BY THE COURT: The objection will be overruled.
BY MR. COBB: I renew my motion.
BY THE COURT: Motion denied. Continue counsel.
BY MR. TONAHILL: Therefore it has become highly relevant about his being drafted. That’s what — that makes it relevant, his going overseas and couldn’t be here when he wants the case tried on February 14, and that’s what the record shows.”
Then, after plaintiff’s attorney’s argument, the following occurred:
“BY MR. COBB: Your Honor, we would move the Court to allow the evidence to be re-opened so that we could introduce what is now marked as Defendant’s Exhibit No. 8, a telegram, which I believe you did receive on Tuesday morning.
BY THE COURT: Yes, sir. It was read, and the telegram was read to the Court shortly before nine o’clock A.M.
BY MR. COBB: From the telegraph office?
BY THE COURT: The record will reflect the telegram itself was delivered on Wednesday.
BY MR. COBB: But the substance of it or the entire thing was read to you at 8:50 a.m.?
BY THE COURT: Yes, sir, and read to the reporter and taken down in shorthand by the reporter at 9:15 a.m. on Tuesday of this week.
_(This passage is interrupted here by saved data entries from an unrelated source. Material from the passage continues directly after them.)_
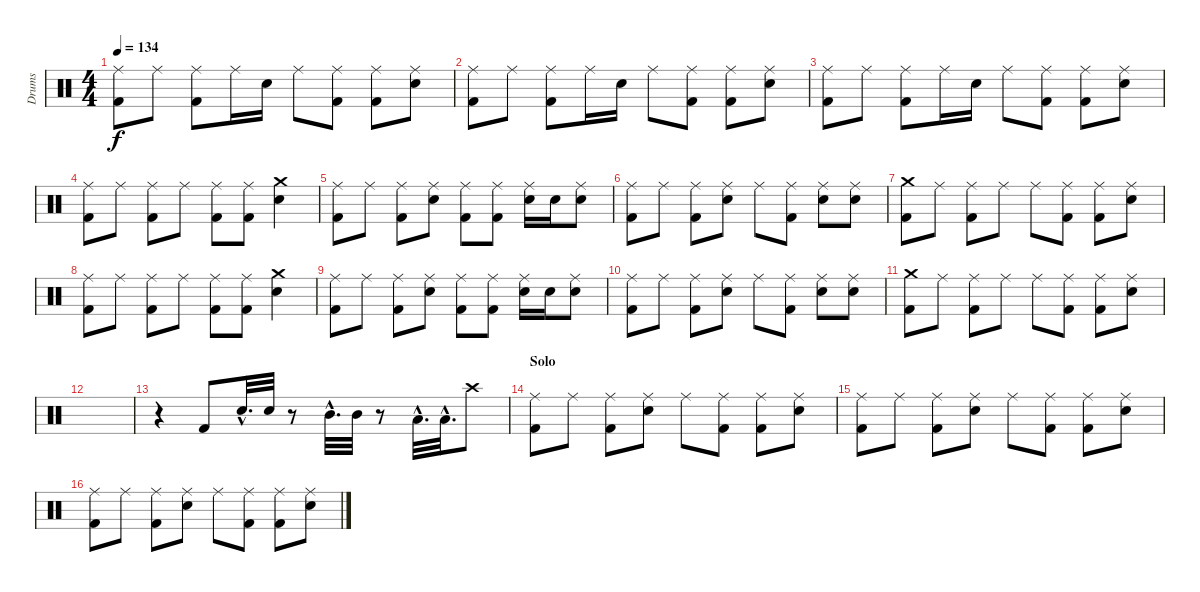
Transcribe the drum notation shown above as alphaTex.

\track ("Drums" "Drums") {instrument percussion}
\staff {score}
\articulation defaults
\ts (4 4)
\tempo 134
\clef neutral
\ks c
("Ride (middle)" "Kick (hit) 2").8{dy f} "Ride (middle)".8 ("Ride (middle)" "Kick (hit) 2").8 "Ride (middle)".16 "Snare (hit) 2".16 "Ride (middle)".8 ("Ride (middle)" "Kick (hit) 2").8 ("Ride (middle)" "Kick (hit) 2").8 ("Ride (middle)" "Snare (hit) 2").8 |
("Ride (middle)" "Kick (hit) 2").8 "Ride (middle)".8 ("Ride (middle)" "Kick (hit) 2").8 "Ride (middle)".16 "Snare (hit) 2".16 "Ride (middle)".8 ("Ride (middle)" "Kick (hit) 2").8 ("Ride (middle)" "Kick (hit) 2").8 ("Ride (middle)" "Snare (hit) 2").8 |
("Ride (middle)" "Kick (hit) 2").8 "Ride (middle)".8 ("Ride (middle)" "Kick (hit) 2").8 "Ride (middle)".16 "Snare (hit) 2".16 "Ride (middle)".8 ("Ride (middle)" "Kick (hit) 2").8 ("Ride (middle)" "Kick (hit) 2").8 ("Ride (middle)" "Snare (hit) 2").8 |
("Ride (middle)" "Kick (hit) 2").8 "Ride (middle)".8 ("Ride (middle)" "Kick (hit) 2").8 "Ride (middle)".8 ("Ride (middle)" "Kick (hit) 2").8 ("Ride (middle)" "Kick (hit) 2").8 ("Crash medium (hit)" "Snare (hit) 2").4 |
("Ride (middle)" "Kick (hit) 2").8 "Ride (middle)".8 ("Ride (middle)" "Kick (hit) 2").8 ("Ride (middle)" "Snare (hit) 2").8 ("Ride (middle)" "Kick (hit) 2").8 ("Ride (middle)" "Kick (hit) 2").8 ("Ride (middle)" "Snare (hit) 2").16 "Snare (hit) 2".16 ("Ride (middle)" "Snare (hit) 2").8 |
("Ride (middle)" "Kick (hit) 2").8 "Ride (middle)".8 ("Ride (middle)" "Kick (hit) 2").8 ("Ride (middle)" "Snare (hit) 2").8 "Ride (middle)".8 ("Ride (middle)" "Kick (hit) 2").8 ("Ride (middle)" "Snare (hit) 2").8 ("Ride (middle)" "Snare (hit) 2").8 |
("Crash medium (hit)" "Kick (hit) 2").8 "Ride (middle)".8 ("Ride (middle)" "Kick (hit) 2").8 "Ride (middle)".8 "Ride (middle)".8 ("Ride (middle)" "Kick (hit) 2").8 ("Ride (middle)" "Kick (hit) 2").8 ("Ride (middle)" "Snare (hit) 2").8 |
("Ride (middle)" "Kick (hit) 2").8 "Ride (middle)".8 ("Ride (middle)" "Kick (hit) 2").8 "Ride (middle)".8 ("Ride (middle)" "Kick (hit) 2").8 ("Ride (middle)" "Kick (hit) 2").8 ("Crash medium (hit)" "Snare (hit) 2").4 |
("Ride (middle)" "Kick (hit) 2").8 "Ride (middle)".8 ("Ride (middle)" "Kick (hit) 2").8 ("Ride (middle)" "Snare (hit) 2").8 ("Ride (middle)" "Kick (hit) 2").8 ("Ride (middle)" "Kick (hit) 2").8 ("Ride (middle)" "Snare (hit) 2").16 "Snare (hit) 2".16 ("Ride (middle)" "Snare (hit) 2").8 |
("Ride (middle)" "Kick (hit) 2").8 "Ride (middle)".8 ("Ride (middle)" "Kick (hit) 2").8 ("Ride (middle)" "Snare (hit) 2").8 "Ride (middle)".8 ("Ride (middle)" "Kick (hit) 2").8 ("Ride (middle)" "Snare (hit) 2").8 ("Ride (middle)" "Snare (hit) 2").8 |
("Crash medium (hit)" "Kick (hit) 2").8 "Ride (middle)".8 ("Ride (middle)" "Kick (hit) 2").8 "Ride (middle)".8 "Ride (middle)".8 ("Ride (middle)" "Kick (hit) 2").8 ("Ride (middle)" "Kick (hit) 2").8 ("Ride (middle)" "Snare (hit) 2").8 |
|
r.4 "Kick (hit) 2".8 "Snare (hit) 2"{hac}.32{d} "Snare (hit) 2".32 r.8 "Mid Tom (hit)"{hac}.32{d} "Mid Tom (hit)".32 r.8 "Low Tom (hit)"{hac}.32{d} "Low Tom (hit)"{hac}.32{d} "Crash high (hit)".8 |
\section ("" "Solo")
("Ride (middle)" "Kick (hit) 2").8 "Ride (middle)".8 ("Ride (middle)" "Kick (hit) 2").8 ("Ride (middle)" "Snare (hit) 2").8 "Ride (middle)".8 ("Ride (middle)" "Kick (hit) 2").8 ("Ride (middle)" "Kick (hit) 2").8 ("Ride (middle)" "Snare (hit) 2").8 |
("Ride (middle)" "Kick (hit) 2").8 "Ride (middle)".8 ("Ride (middle)" "Kick (hit) 2").8 ("Ride (middle)" "Snare (hit) 2").8 "Ride (middle)".8 ("Ride (middle)" "Kick (hit) 2").8 ("Ride (middle)" "Kick (hit) 2").8 ("Ride (middle)" "Snare (hit) 2").8 |
("Ride (middle)" "Kick (hit) 2").8 "Ride (middle)".8 ("Ride (middle)" "Kick (hit) 2").8 ("Ride (middle)" "Snare (hit) 2").8 "Ride (middle)".8 ("Ride (middle)" "Kick (hit) 2").8 ("Ride (middle)" "Kick (hit) 2").8 ("Ride (middle)" "Snare (hit) 2").8

BY MR. COBB: We offer in connection with Mr. Tonahill’s repeated reference concerning the dishonest and manipulative efforts of the defense counsel because it plainly states I wanted to just wait the rest of this week and if you do proceed to go to trial without me to just make a record, and Mr. Tonahill knowingly and falsely stated that I requested and wanted this case, as late as Tuesday of this week or as late as yesterday of this week, put off until February 14, when that telegram reflects to the contrary and he was aware of it and the Court was. In connection with his remarks there, I renew my motion for mistrial.
BY THE COURT: Both motions will be denied. Anything further, gentlemen ?”
The judgment of the trial court is reversed and remanded.